- _PROBLEM REQUIREMENTS_:
Repeat each record below exactly, dropping the pictures.

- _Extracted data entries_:
──────────

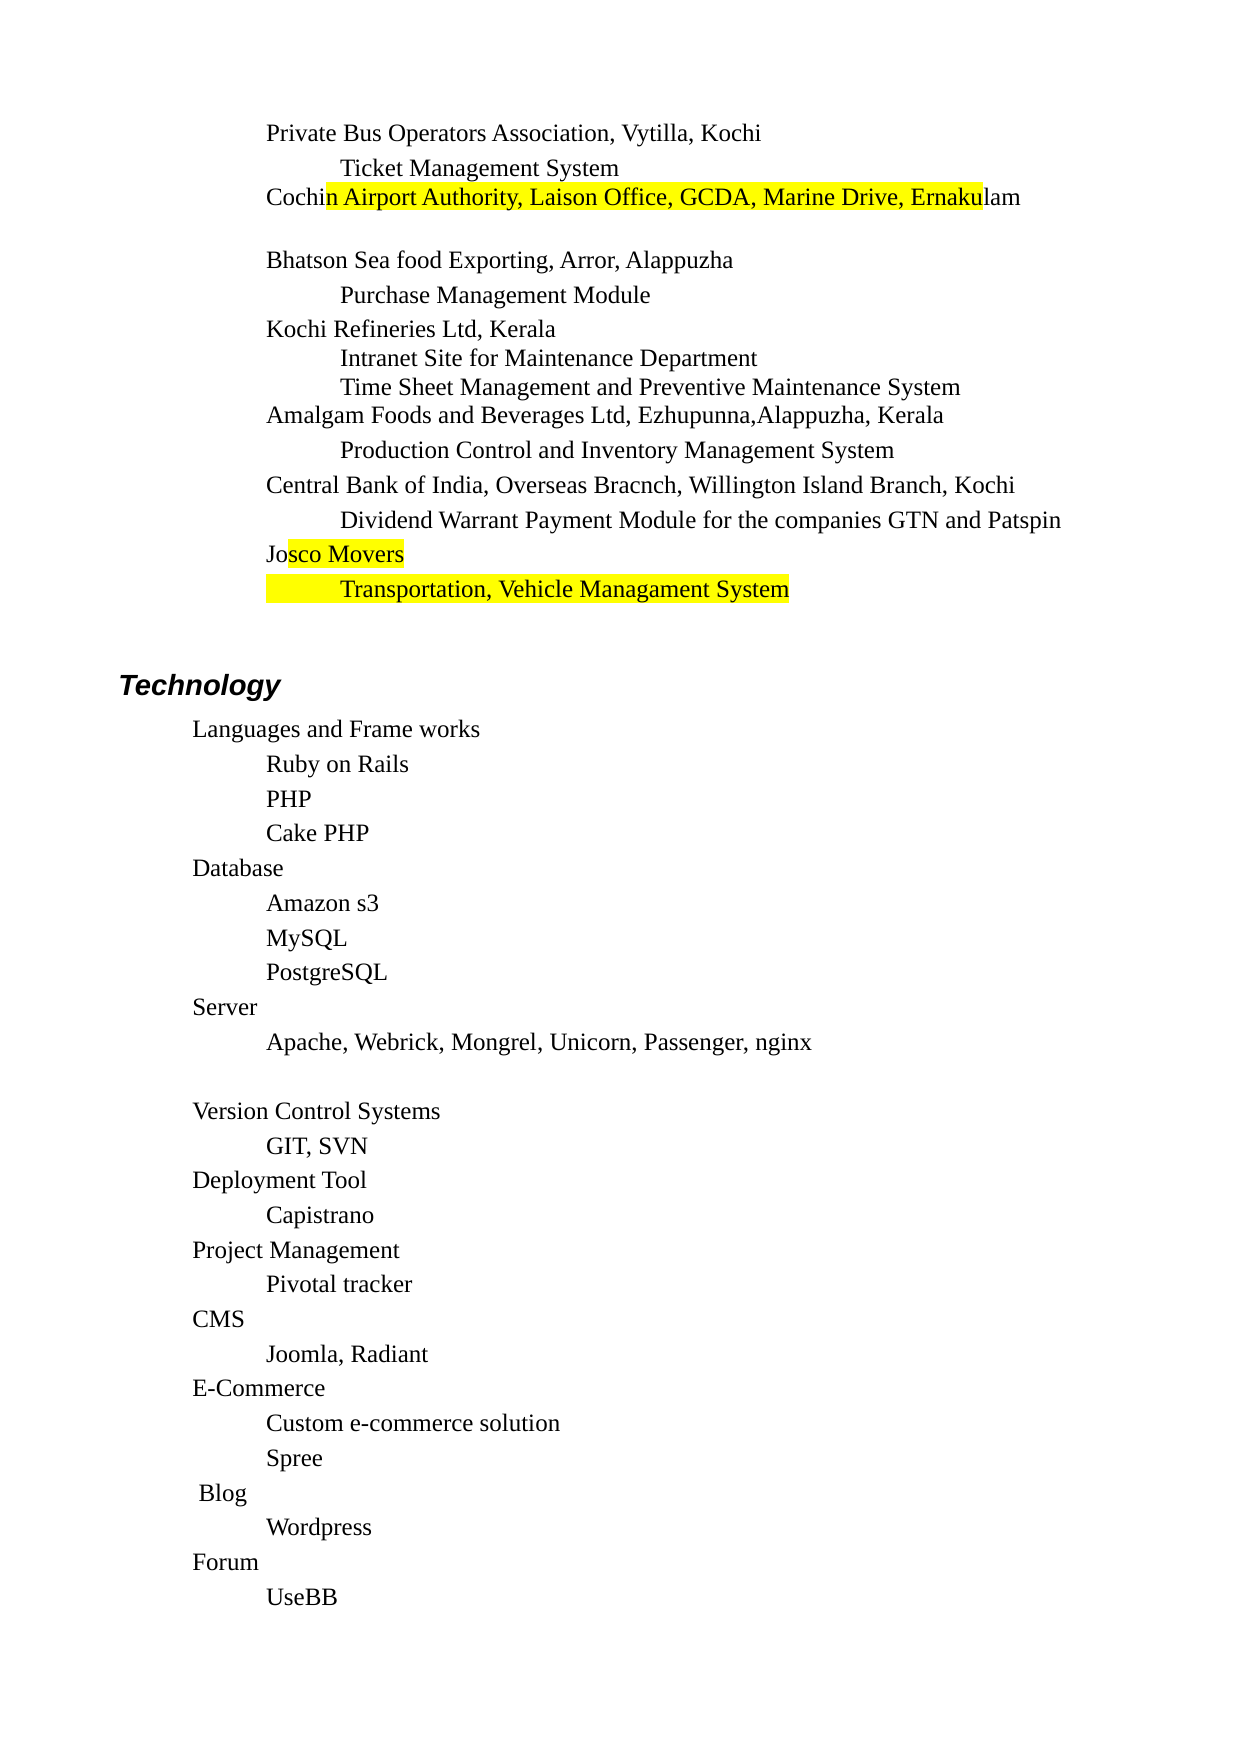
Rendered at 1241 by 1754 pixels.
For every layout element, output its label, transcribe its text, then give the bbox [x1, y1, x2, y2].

text Transportation, Vehicle Managament System [266, 574, 1122, 603]
text Capistrano [118, 1200, 1122, 1229]
text Blog [118, 1478, 1122, 1506]
text Pivotal tracker [118, 1269, 1122, 1298]
text Database [118, 853, 1122, 882]
text GIT, SVN [118, 1131, 1122, 1159]
text E-Commerce [118, 1373, 1122, 1402]
text Ruby on Rails [118, 749, 1122, 778]
text Central Bank of India, Overseas Bracnch, Willington Island Branch, Kochi [266, 470, 1122, 499]
text Apache, Webrick, Mongrel, Unicorn, Passenger, nginx [118, 1027, 1122, 1055]
text Spree [118, 1443, 1122, 1472]
text Bhatson Sea food Exporting, Arror, Alappuzha [266, 216, 1122, 274]
text Private Bus Operators Association, Vytilla, Kochi [266, 118, 1122, 147]
text Server [118, 992, 1122, 1021]
text Amazon s3 [118, 888, 1122, 917]
text Kochi Refineries Ltd, Kerala Intranet Site for Maintenance Department Time Sheet Management and Preventive Maintenance System Amalgam Foods and Beverages Ltd, Ezhupunna,Alappuzha, Kerala [266, 314, 1122, 429]
text PHP [118, 784, 1122, 813]
text Languages and Frame works [118, 714, 1122, 743]
text Cake PHP [118, 818, 1122, 847]
text Joomla, Radiant [118, 1339, 1122, 1368]
text Deployment Tool [118, 1165, 1122, 1194]
text Forum [118, 1547, 1122, 1576]
text PostgreSQL [118, 957, 1122, 986]
text Production Control and Inventory Management System [266, 435, 1122, 464]
text Dividend Warrant Payment Module for the companies GTN and Patspin [266, 505, 1122, 533]
text CMS [118, 1304, 1122, 1333]
text Project Management [118, 1235, 1122, 1263]
text Wordpress [118, 1512, 1122, 1541]
text UseBB [118, 1582, 1122, 1610]
text Version Control Systems [118, 1096, 1122, 1125]
text Custom e-commerce solution [118, 1408, 1122, 1437]
text Ticket Management System Cochin Airport Authority, Laison Office, GCDA, Marine Drive, Ernakulam [266, 153, 1122, 210]
text Purchase Management Module [266, 280, 1122, 308]
text MySQL [118, 923, 1122, 951]
subtitle Technology [118, 668, 1122, 702]
text Josco Movers [266, 539, 1122, 568]

──────────

- _RESPONSE TO THE EXERCISE_:
Rendered at 1241 by 1754 pixels.
For every layout element, output its label, transcribe its text, then give the bbox [x1, y1, x2, y2].

text Transportation, Vehicle Managament System [266, 574, 1122, 603]
text Capistrano [118, 1200, 1122, 1229]
text Blog [118, 1478, 1122, 1506]
text Pivotal tracker [118, 1269, 1122, 1298]
text Database [118, 853, 1122, 882]
text GIT, SVN [118, 1131, 1122, 1159]
text E-Commerce [118, 1373, 1122, 1402]
text Ruby on Rails [118, 749, 1122, 778]
text Central Bank of India, Overseas Bracnch, Willington Island Branch, Kochi [266, 470, 1122, 499]
text Apache, Webrick, Mongrel, Unicorn, Passenger, nginx [118, 1027, 1122, 1055]
text Spree [118, 1443, 1122, 1472]
text Bhatson Sea food Exporting, Arror, Alappuzha [266, 216, 1122, 274]
text Private Bus Operators Association, Vytilla, Kochi [266, 118, 1122, 147]
text Server [118, 992, 1122, 1021]
text Amazon s3 [118, 888, 1122, 917]
text Kochi Refineries Ltd, Kerala Intranet Site for Maintenance Department Time Sheet Management and Preventive Maintenance System Amalgam Foods and Beverages Ltd, Ezhupunna,Alappuzha, Kerala [266, 314, 1122, 429]
text PHP [118, 784, 1122, 813]
text Languages and Frame works [118, 714, 1122, 743]
text Cake PHP [118, 818, 1122, 847]
text Joomla, Radiant [118, 1339, 1122, 1368]
text Deployment Tool [118, 1165, 1122, 1194]
text Forum [118, 1547, 1122, 1576]
text PostgreSQL [118, 957, 1122, 986]
text Production Control and Inventory Management System [266, 435, 1122, 464]
text Dividend Warrant Payment Module for the companies GTN and Patspin [266, 505, 1122, 533]
text CMS [118, 1304, 1122, 1333]
text Project Management [118, 1235, 1122, 1263]
text Wordpress [118, 1512, 1122, 1541]
text UseBB [118, 1582, 1122, 1610]
text Version Control Systems [118, 1096, 1122, 1125]
text Custom e-commerce solution [118, 1408, 1122, 1437]
text Ticket Management System Cochin Airport Authority, Laison Office, GCDA, Marine Drive, Ernakulam [266, 153, 1122, 210]
text Purchase Management Module [266, 280, 1122, 308]
text MySQL [118, 923, 1122, 951]
subtitle Technology [118, 668, 1122, 702]
text Josco Movers [266, 539, 1122, 568]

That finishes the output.